导师站在404号房间的门口。穿着那件洗得发白的白大褂,胸口的口袋里别着两支笔。他的脸是模糊的,像被人用橡皮擦掉了一部分,轮廓还在,五官看不清。但他的声音很清楚。“愚者的路,还没走完。”
方烬想问什么意思,嘴张不开。他想走过去,腿迈不动。导师站在门口看着他,身后的走廊灯光昏暗。导师转身走进了404号房间,门关上了,门牌号上的数字“404”在灯下闪了一下。
方烬惊醒了。窗帘没拉严实,路灯光从缝隙里透进来,在天花板上画出一道细细的白线。他躺了几秒,翻了个身。林薇的手搭过来,放在他胸口上。
“又做梦了?”她的声音很轻,像还没完全醒。
“没事。”方烬把她的手握住,放在被子上面。林薇没有睁眼,手指在他手心里蜷了一下,又松开了。
方烬睡不着了。他轻轻地把手从林薇手里抽出来,下了床。赤脚踩在地板上,凉意从脚底传上来。穿上拖鞋,披上外套,推开了阳台的门。夜风冷,吹得他的头发往一边倒,外套的领口灌着风。他从口袋里摸出烟,抽出一根叼在嘴里,打火机打了两下才点着。火光在风里晃了一下。
他吸了一口,烟在肺里转了一圈,吐出来。
愚者牌还在抽屉里。方烬把玉佩从领口里拿出来看了一眼。月光下,愚者律三个字泛着青白色的光。“愚者的路,还没走完。”导师的声音还在脑子里回响,像山谷里的回声,一遍一遍地荡。愚者牌是什么意思?不是已经结束了吗?反意识场建成了,永生者的意识网络被摧毁了,404档案公开了。导师说的“没走完”是什么?

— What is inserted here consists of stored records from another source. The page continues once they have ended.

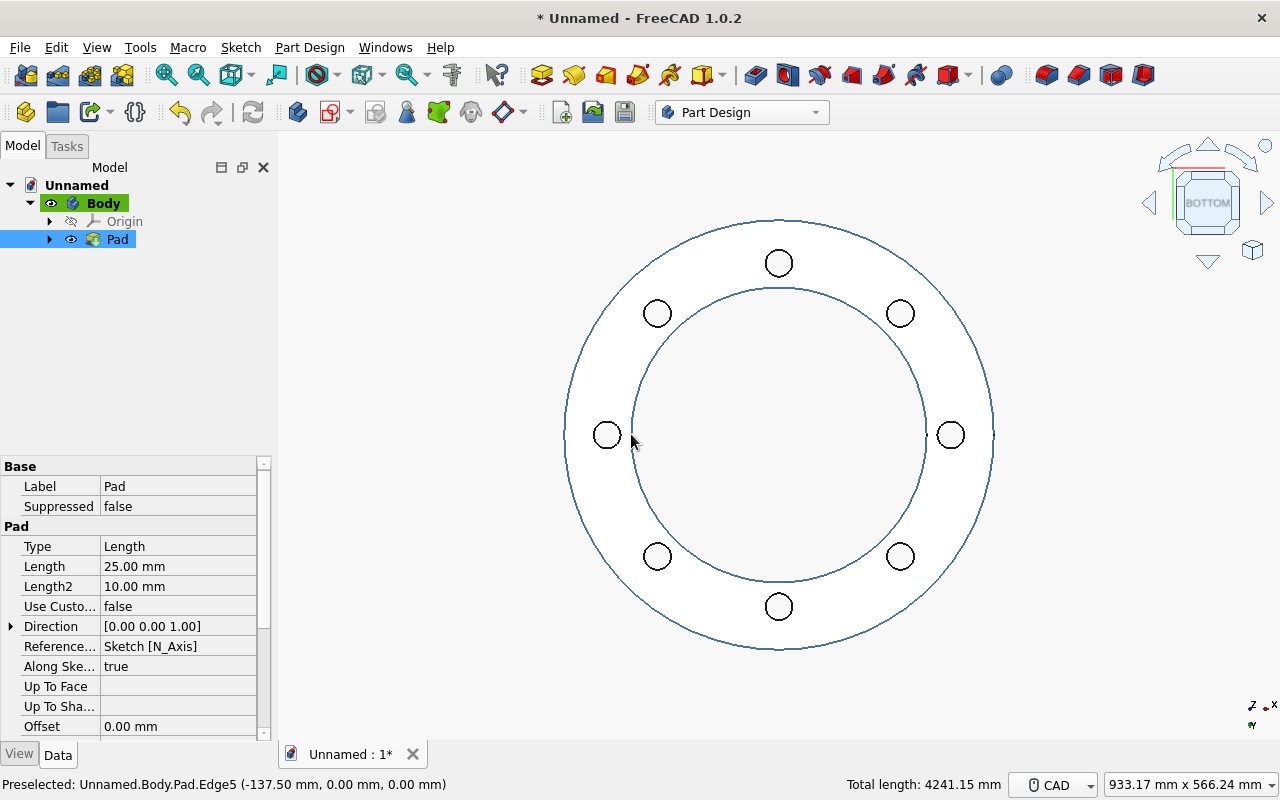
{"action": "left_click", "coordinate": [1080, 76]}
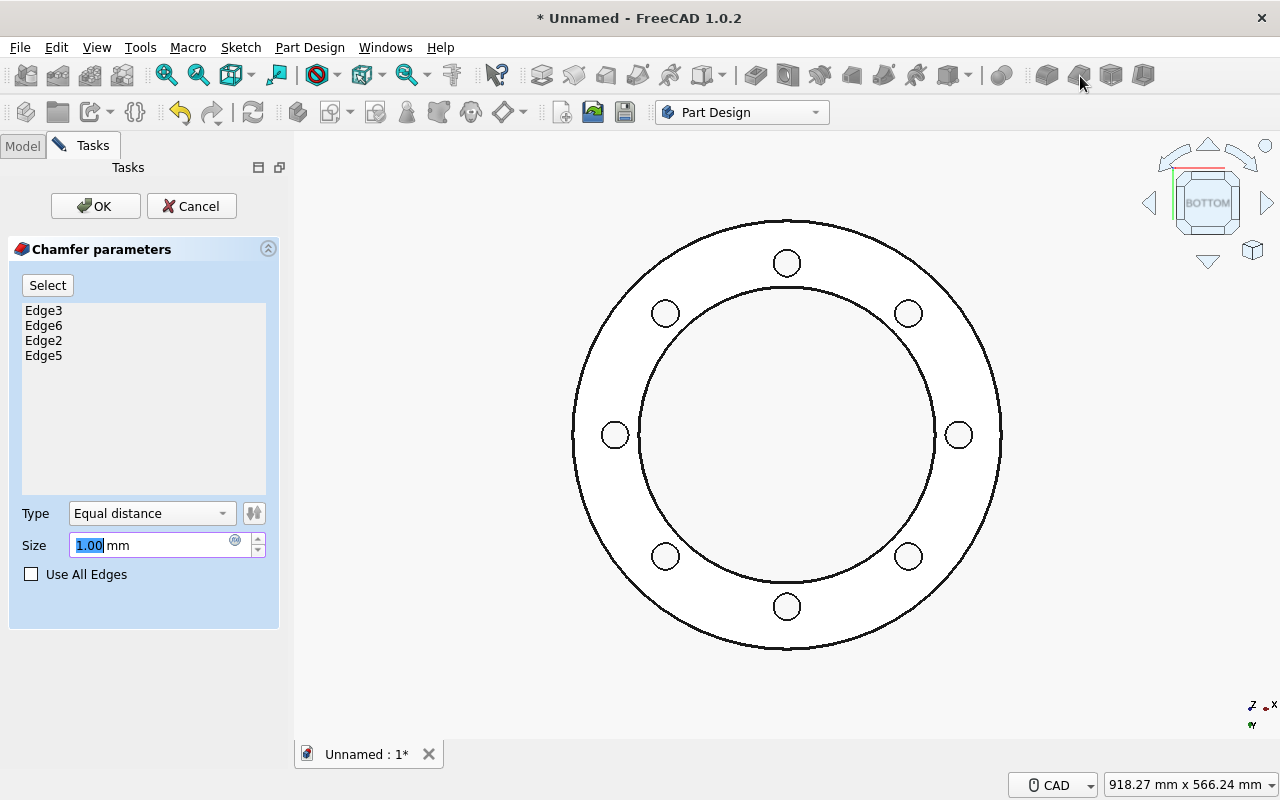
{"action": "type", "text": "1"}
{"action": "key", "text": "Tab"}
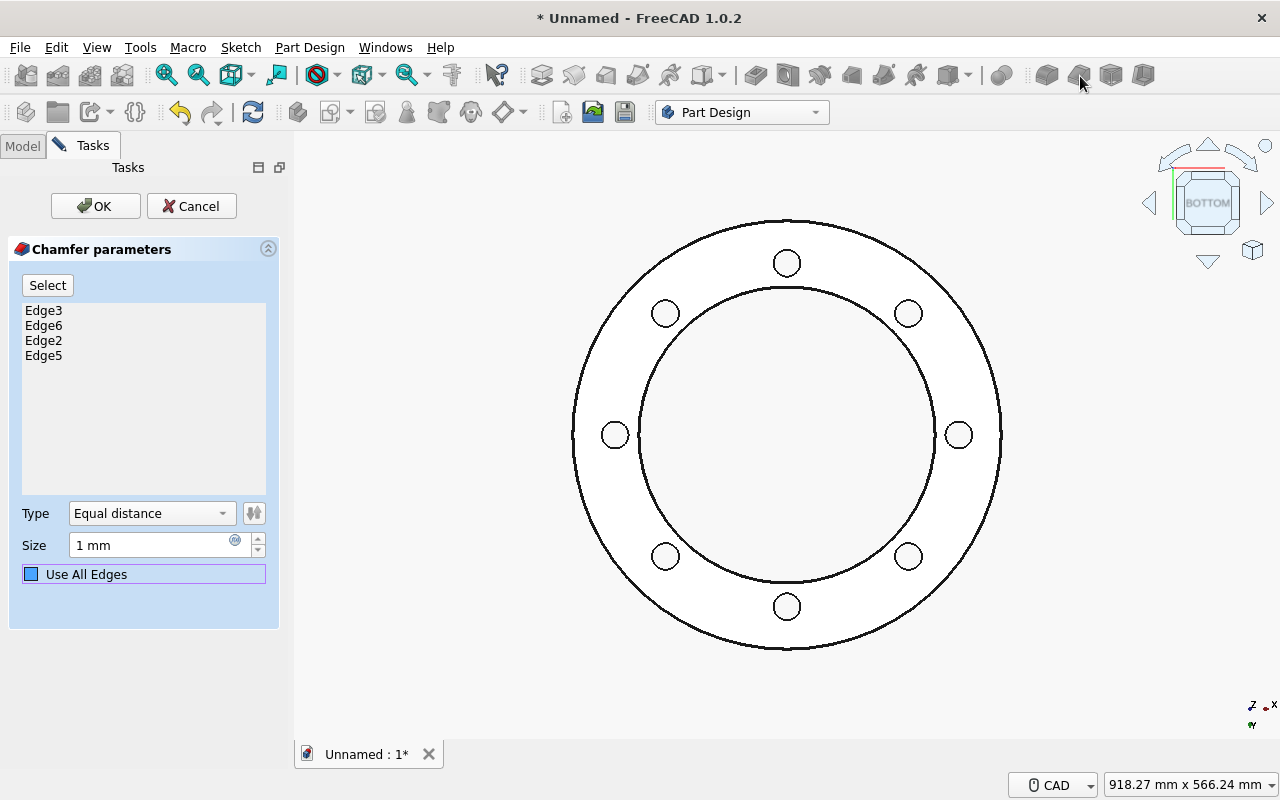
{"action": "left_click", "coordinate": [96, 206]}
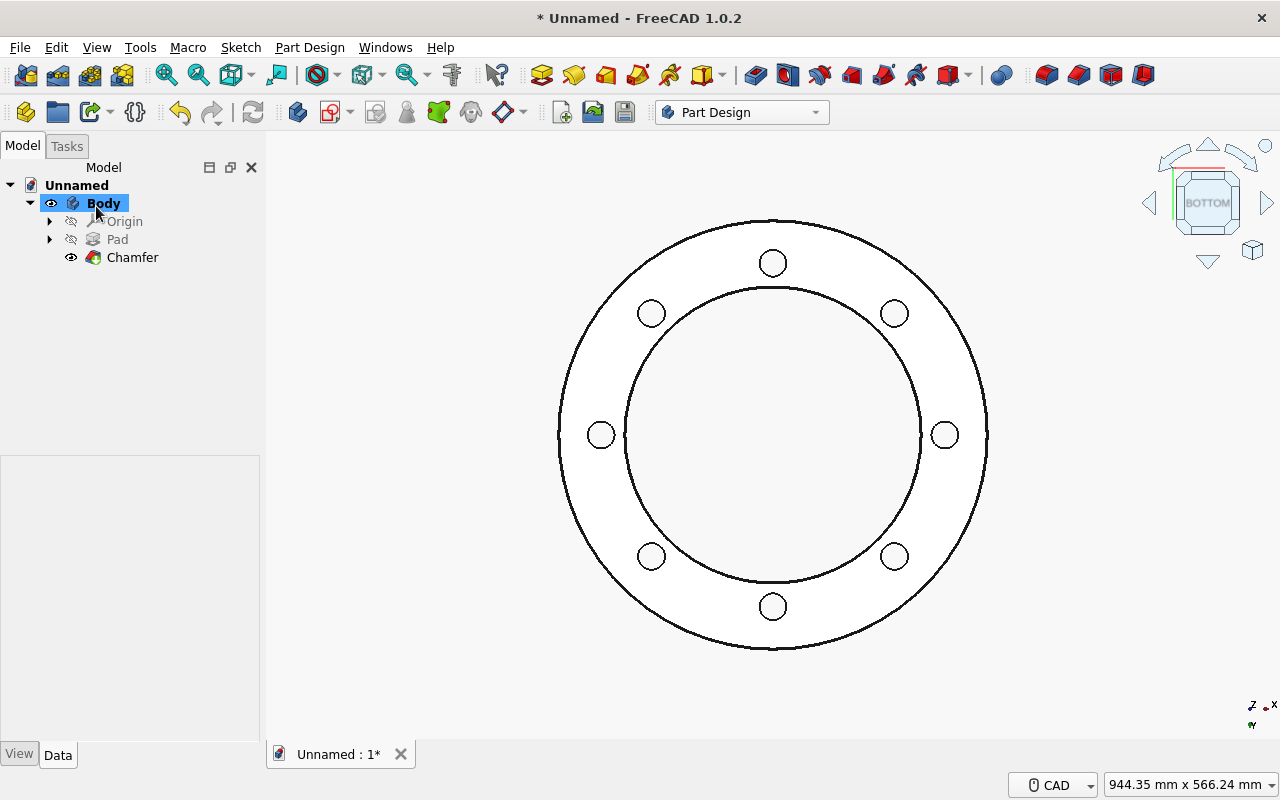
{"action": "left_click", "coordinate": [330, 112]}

方烬又吸了一口烟,把烟头掐灭在花盆的泥土里。火星在泥面上暗了一下,灭了。他抬起头,看着夜空。城市的光污染太严重,星星很少,只有几颗很亮的挂在天上,一动不动。他的手伸进口袋,摸到了那把钥匙。钥匙齿已经完全平了,摸上去光滑得像一块被河水冲刷了很久的石头。他把钥匙攥在手心里,手心的温度捂热了金属。
林薇翻了个身,床板响了一下。方烬转过身透过玻璃门看着床上那团隆起的身影,看了几秒。他把钥匙放回口袋,推开阳台的门回了屋。